How This Sponsor Page Is Built
Every count on this page is derived directly from ClinicalTrials.gov API v2 records. Trial counts include all trials currently registered to this sponsor; the recruiting count reflects trials with status "Recruiting" or equivalent. Plain-English eligibility translations on each linked trial page preserve the original clinical text alongside an accessible version. Read the full methodology for the data pipeline and limitations.
Source: ClinicalTrials.gov API v2, maintained by the National Library of Medicine at NIH. Public domain. Cite as: "TrialFinderData. Data: ClinicalTrials.gov."
Medical disclaimer: This page is informational, not medical advice. Talk to your doctor about whether a clinical trial is right for you.
Last updated 2026-05-08 · 29 trials tracked for Washington University School of Medicine.
For this entity, the underlying data on this page comes from the NIH ClinicalTrials.gov registry. The breakdown above is the federal record; the paragraphs below add the per-entity context that makes the headline numbers usable for a real decision rather than just a data lookup.

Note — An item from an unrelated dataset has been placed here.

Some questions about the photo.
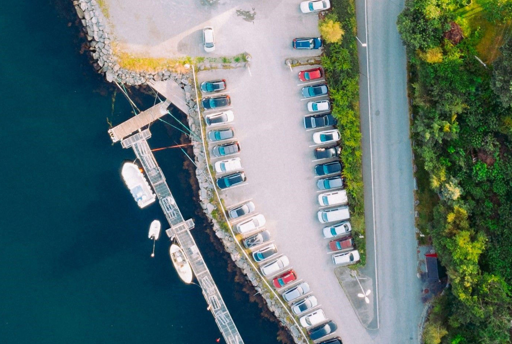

The methodology behind every numeric value on this page is publicly documented on the the NIH ClinicalTrials.gov registry portal and described in detail on this site’s methodology page. Refresh cadence varies by underlying series; the page surfaces the as-of date for each number so readers can trace any figure back to the source release.
Practical use of this page is in combination with the comparison and ranking pages elsewhere on the site, which surface the same data for this entity’s peers within active and historical clinical trials. A single-entity reading without peer context can be misleading when an entity is an outlier on one axis but typical on another.